\ A VOZ PORTALEGRENSE: António Martinó de Azevedo Coutinho

sexta-feira, maio 21, 2010

António Martinó de Azevedo Coutinho

Não estive presente no jantar organizado pela Associação Janus - Projecto Cultural no passado dia 15 de Abril, louvável iniciativa de um grupo de cidadãos inconformados com a apatia cultural que se instalou nesta cidade perdida num recanto abandonado do país.
Logo no dia imediato, fui sacudido pela insidiosa campanha local que bem depressa se gerou contra as palavras do bispo de Portalegre, o convidado de honra da cerimónia da véspera. Apenas tive acesso imediato à peça jornalística (!?) que radiofonicamente desencadeou esse movimento, uma vez que não alinho nas confusas redes ditas sociais que a informática gera descontroladamente. Depois, pouco a pouco, foi-nos possibilitado um conhecimento mais factual e desapaixonado do que realmente acontecera, até ter sido distribuído -foi um dos últimos e válidos serviços d’O Distrito de Portalegre- o texto integral do discurso episcopal.
Perante este, quero afirmar que o subscreveria quase na totalidade, apenas dele discordando na aplicação de alguns adjectivos, meros pormenores de estilo pessoal. O essencial dessa sumária visão crítico da vida desta cidade revela -a meu ver- o testemunho realista, corajoso e frontal de uma personalidade atenta, lúcida e interveniente, tanto na forma como no conteúdo.
O texto integral divulgado pel’O Distrito é antecedido por uma Nota Prévia. Aí, acrescentou D. Antonino um legítimo desabafo: “Não disse muito, mas quem ouviu parece que gostou. Quem não ouviu não gostou...” Por mim, não estou assim tão convencido de que todos os que o ouviram -ao vivo e em directo- terão apreciado, e assumo a rigorosa certeza de que, entre os que o não ouviram, há quem tenha gostado e muito. É o meu caso.
Se agora evoco o episódio é porque neste preciso momento me parece particularmente oportuno um dos “capítulos” do memorável discurso, que, com a devida vénia, transcrevo:

GEMINAÇÕES
A cidade de Portalegre está geminada com Vila do Conde, Olivença, Cáceres, S. Vicente (Cabo Verde), Portalegre e Rio Grande do Norte (Brasil) e Salé (Marrocos).
Penso que é importante gerir bem estas geminações e a mobilidade sadia que elas podem e devem provocar.
Um acordo de geminação pressupõe amizade, permuta, promoção cultural e social, e nivelamento por cima, entre as localidades geminadas. Cada uma há-de procurar conhecer melhor a outra. Tem de haver relações culturais e sociais recíprocas, com a mobilidade e a troca de ideias, experiências e saberes. Uma cidade geminada e com tantas localidades como Portalegre, e sempre em aberto para mais, deveria quase responsabilizar alguém dos seus Serviços administrativos para esta dinâmica, consequência da geminação, envolvendo associações, famílias e instituições locais para o intercâmbio de visitas e outras iniciativas promocionais, solidárias e de qualidade.
Se estas geminações não passam do papel, não servirão para muito. Assumidas e desenvolvidas, serão uma mais valia. E Portalegre tem pessoas nas mais variadas áreas do saber e da cultura que muito poderão ajudar a promover essas geminações.
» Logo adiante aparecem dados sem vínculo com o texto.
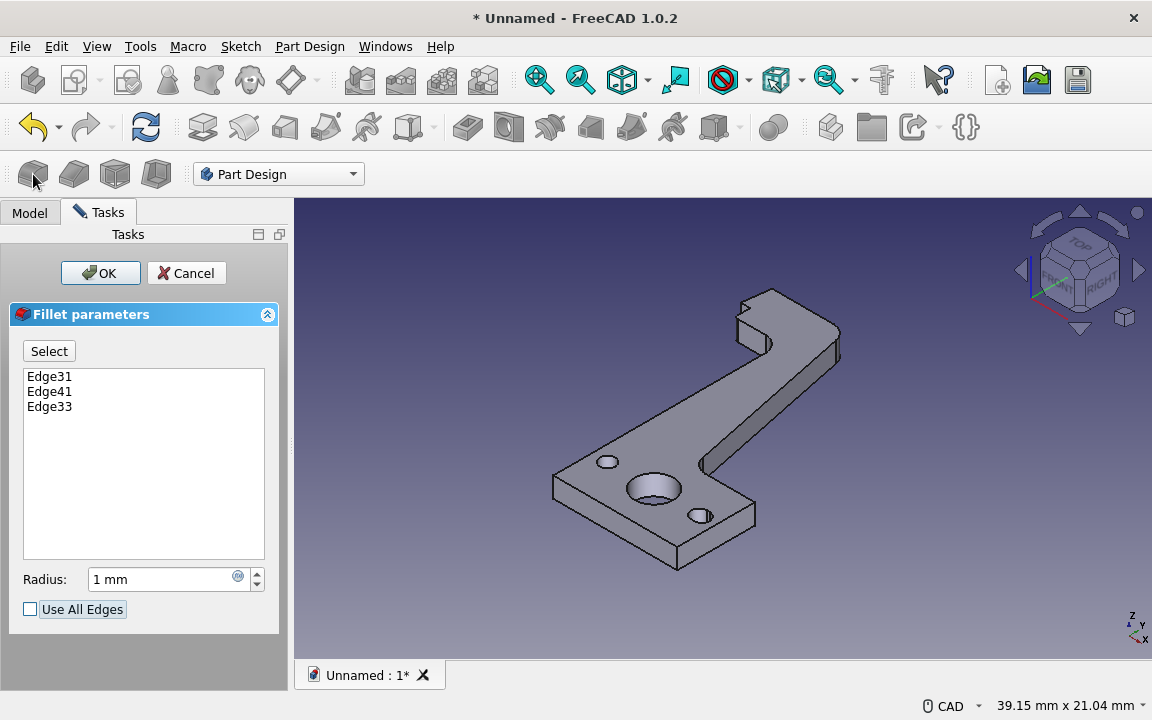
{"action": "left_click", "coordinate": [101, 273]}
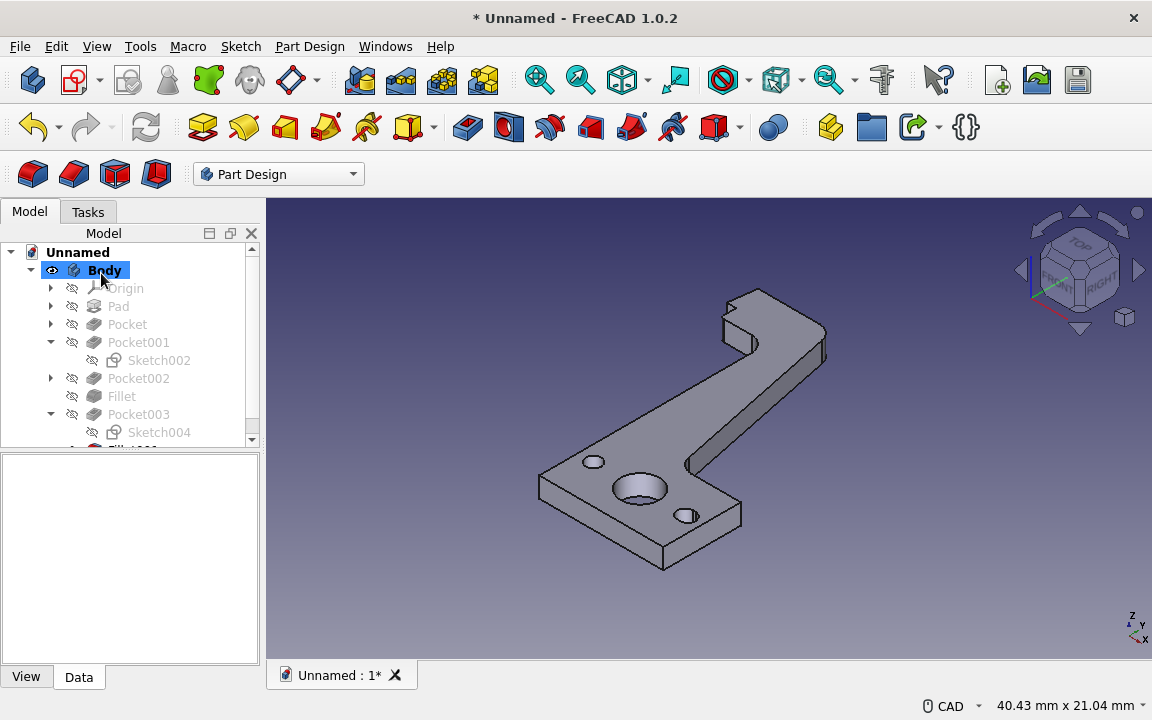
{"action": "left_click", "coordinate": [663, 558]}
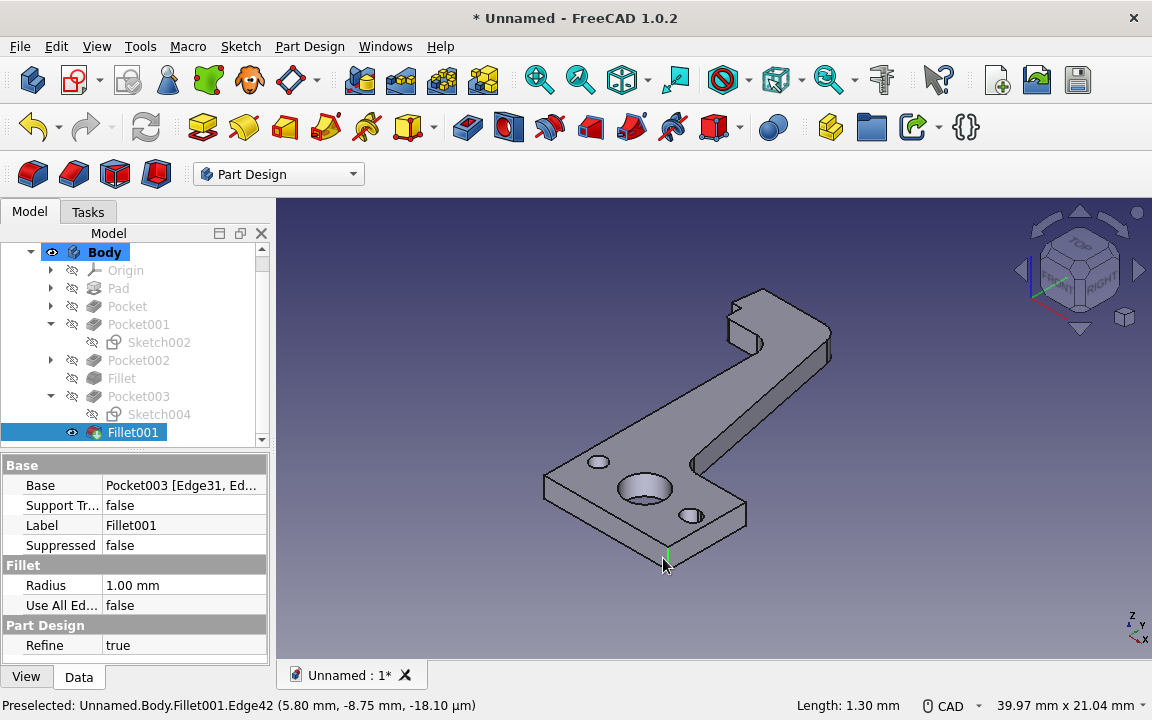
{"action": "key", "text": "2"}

Não é muito frequente um testemunho público deste tipo, revelador de uma sensibilidade culta e rara, na atribuição a um Protocolo de Geminação da sua autêntica importância social e cultural, como factor de fraternidade, de progresso e de intercâmbio de experiências e de saberes, aptos a enriquecer e a abrir em comunhão os caminhos do Futuro.
Portalegre faz agora anos e, a pretexto dum aniversário, é normal juntar nos festejos alusivos os irmãos e os amigos. Muito mais de que avaliar os meros pormenores da comemoração, será importante saber se os nossos irmãos -como tal jurados em solenes compromissos que temos obrigação de honrar- foram instados a partilhar connosco a festa.
É esta a mais adequada oportunidade para confraternizar com vilacondenses, espanhóis, caboverdianos, brasileiros e marroquinos. Perdê-la significará, uma vez mais, que um protocolo da geminação é para a Câmara Municipal de Portalegre apenas um papel sem qualquer valor, assim confirmando a aflitiva falta de sensibilidade e de inteligência que vem sendo timbre crescente da nossa autarquia.
De pouco terá servido o atempado e lúcido recado de D. Antonino se estas festas confirmarem, como receio, mais uma grosseira deselegância oficial.
Como poderemos aspirar a que germine entre nós alguma esperança nas sementes do Futuro se, para além do debilitado corpo desta Cidade, até o seu espírito for desprezado?